Firmes contra a guerra
Conquistada a liberdade, não foi mais necessário recorrer a acções clandestinas ou armadas. A criação, em 1976, do Conselho Português para a Paz e Cooperação (CPPC), é um momento alto da luta pela paz em Portugal, dando-lhe uma expressão popular, unitária e de massas. Nos anos 80, combateu-se intensamente a instalação de novos e mais potentes mísseis norte-americanos na Europa Ocidental e exigiu-se o fim das armas nucleares.
Em 1999, milhares de portugueses contestaram nas ruas a agressão à Jugoslávia, o que voltaram a fazer dois anos depois, aquando da invasão do Afeganistão. Nos dois casos, fizeram-no enfrentando uma poderosa ofensiva mediática legitimadora das guerras e do novo papel da NATO, à qual não resistiram inclusivamente muitos sectores de esquerda.
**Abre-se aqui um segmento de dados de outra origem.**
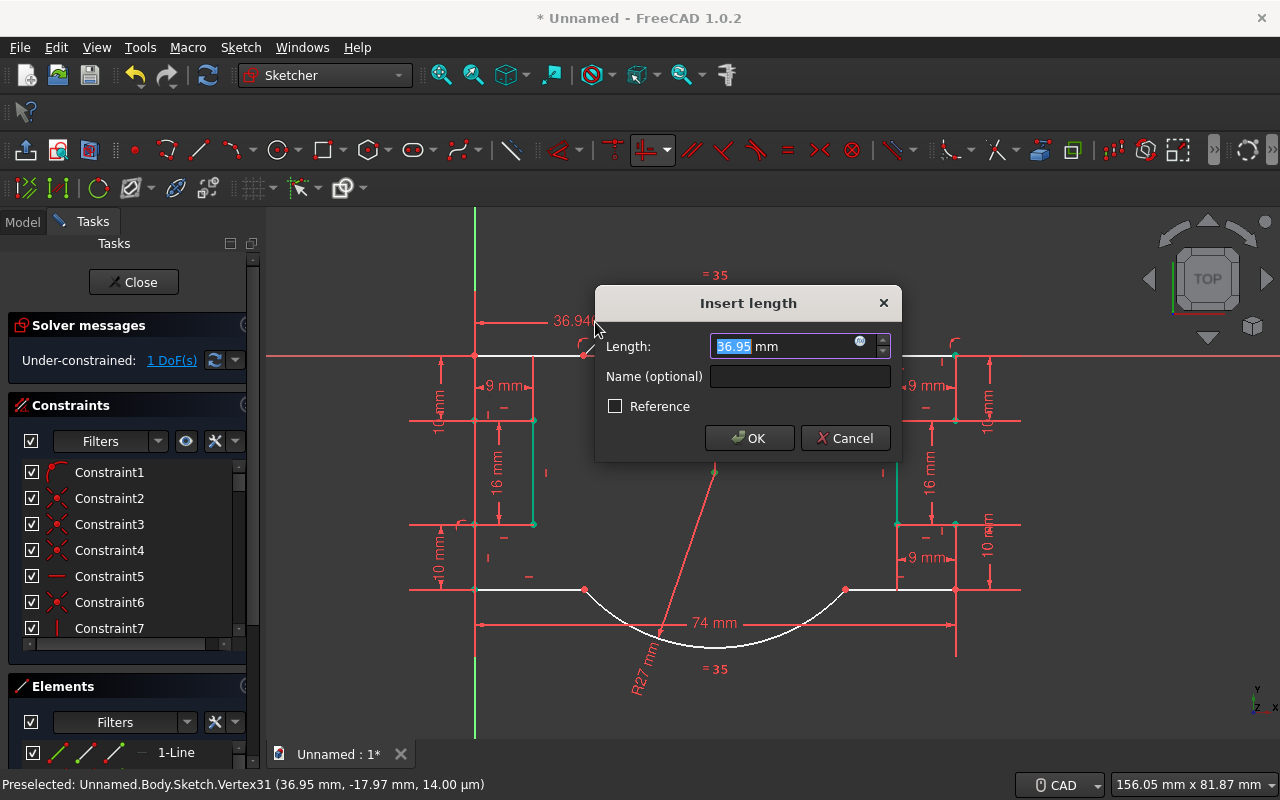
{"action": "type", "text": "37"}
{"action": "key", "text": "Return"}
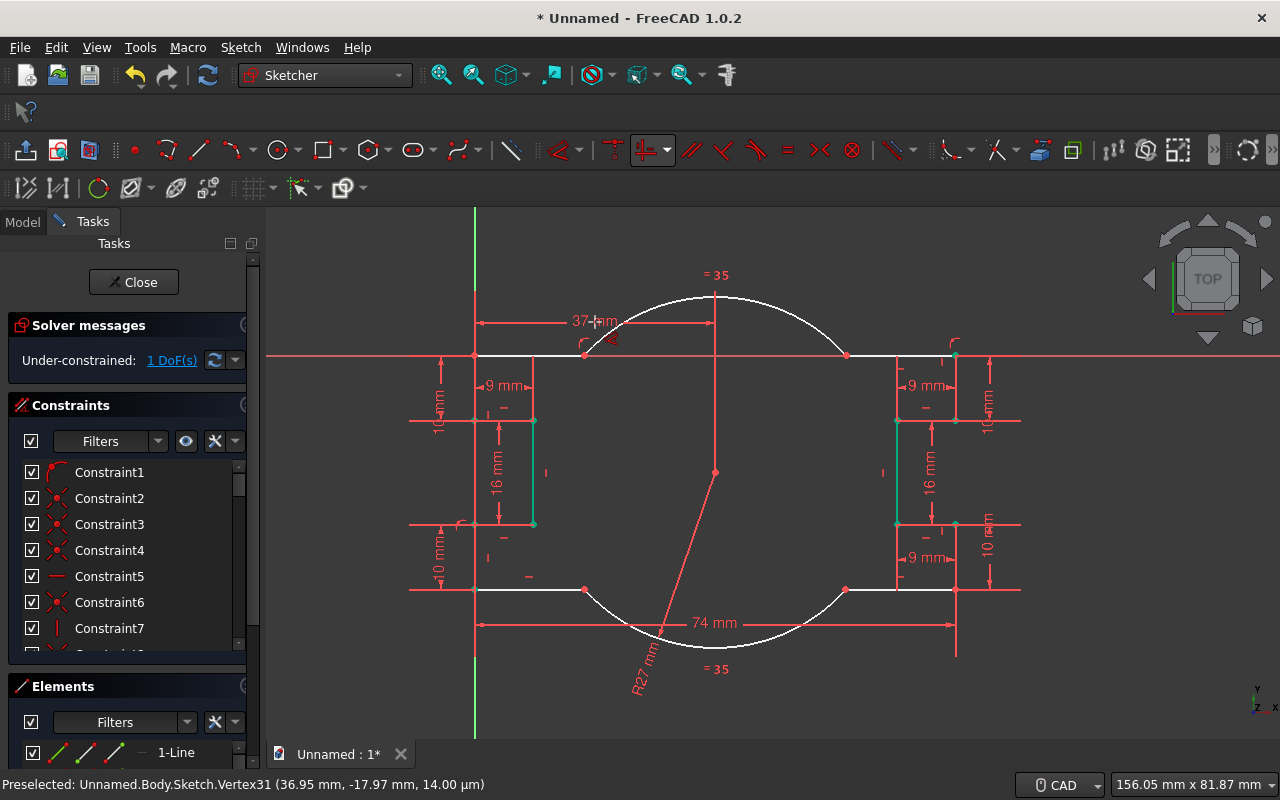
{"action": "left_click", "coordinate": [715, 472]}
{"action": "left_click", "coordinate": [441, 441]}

Desde que foi conhecida a disponibilidade das autoridades portuguesas para receberem, no País, a cimeira da NATO em 2010 (a mesma que demonstraram para receber a cimeira das Lajes, que determinou a invasão do Iraque pela coligação EUA-Inglaterra-Espanha), que o movimento da paz se mobilizou. Nasceu assim, em Janeiro deste ano, a Campanha «Paz Sim! NATO Não!», em torno de questões essenciais: a manifestação de repúdio pela realização da cimeira da NATO em Portugal; a exigência de retirada das tropas nacionais de missões da NATO; o fim das bases militares estrangeiras e das instalações da NATO no País; a recusa da transformação da União Europeia em pilar europeu da NATO; a exigência do desarmamento, do fim das armas nucleares e de destruição maciça e da dissolução da NATO.
Em torno destas causas, a Campanha rapidamente alargou a sua influência a vários sectores, reunindo actualmente mais de uma centena de organizações nacionais (entre as quais se contam o CPPC, a CGTP-IN e o PCP). Entre as acções realizadas, destaca-se a petição que recolheu 13 mil assinaturas e que foi já debatida na Assembleia da República, obrigando PS, PSD e CDS a assumirem as suas posições em defesa das guerras e ocupações e da corrida aos armamentos.
A manifestação de dia 20 de Novembro, entre o Marquês de Pombal e os Restauradores, em Lisboa, pela sua dimensão e significado, entrará directamente na história da luta pela paz em Portugal.